Employing nonresonant step sizes for time integration of highly oscillatory nonlinear Dirac equations

In the nonrelativistic limit regime, nonlinear Dirac equations involve a small parameter $\varepsilon>0$ which induces rapid temporal oscillations with frequency proportional to $\varepsilon^{-2}$. Efficient time integrators are challenging to construct, since their accuracy has to be independent of $\varepsilon$ or improve with smaller values of $\varepsilon$. In [10], Yongyong Cai and Yan Wang have presented a nested Picard iterative integrator (NPI-2), which is a uniformly accurate second-order scheme.
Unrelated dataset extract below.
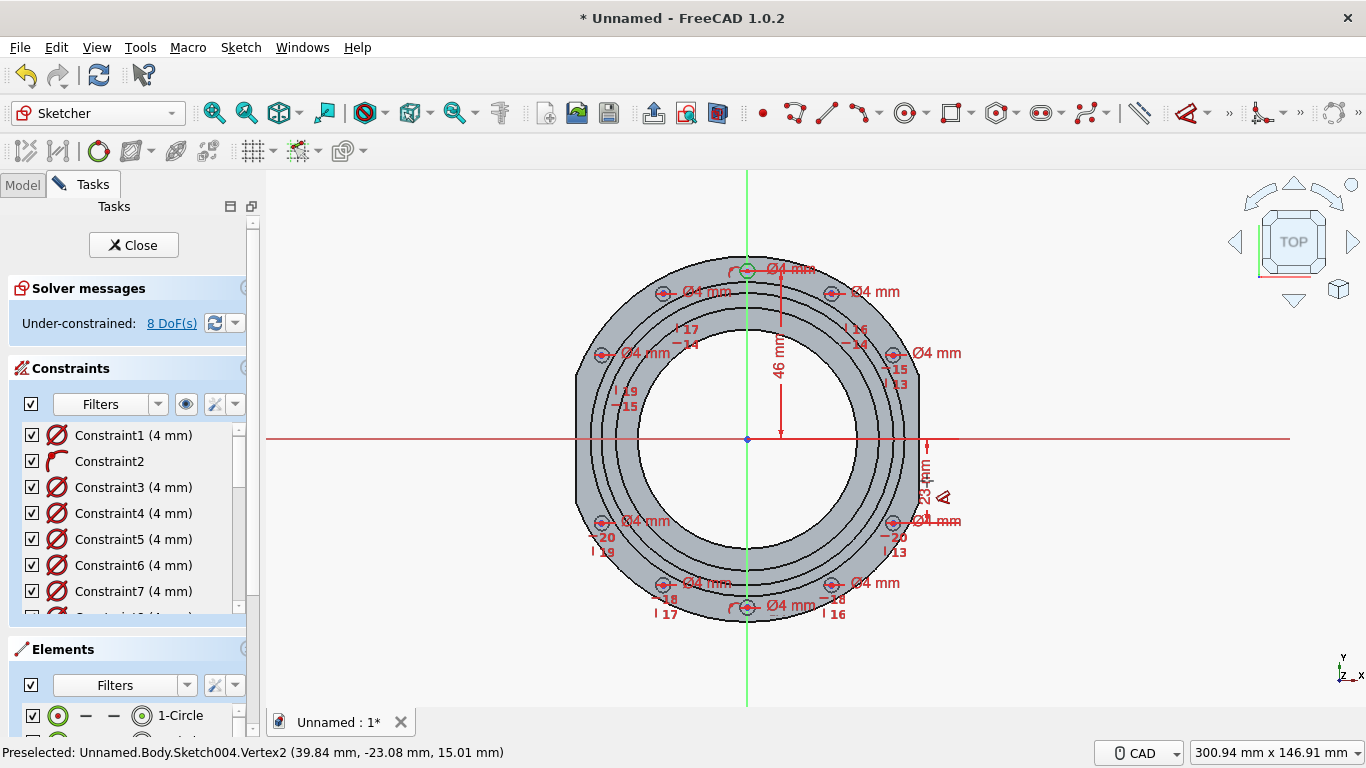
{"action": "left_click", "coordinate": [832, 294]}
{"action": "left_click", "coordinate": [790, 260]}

We propose a novel method called the 'nonresonant nested Picard iterative integrator (NRNPI)', which takes advantage of cancellation effects in the global error to significantly simplify the NPI-2. We prove that for non-resonant step sizes $\tau\ge\frac{\pi}{4}\varepsilon^2$, the NRNPI has the same accuracy as the 4NPI-2 and is thus more efficient. Moreover, we show that for arbitrary $\tau<\frac{\pi}{4}\varepsilon^2$ the error decreases proportionally to $\varepsilon^2\tau$ . We provide numerical experiments to illustrate the error behavior as well as the efficiency gain.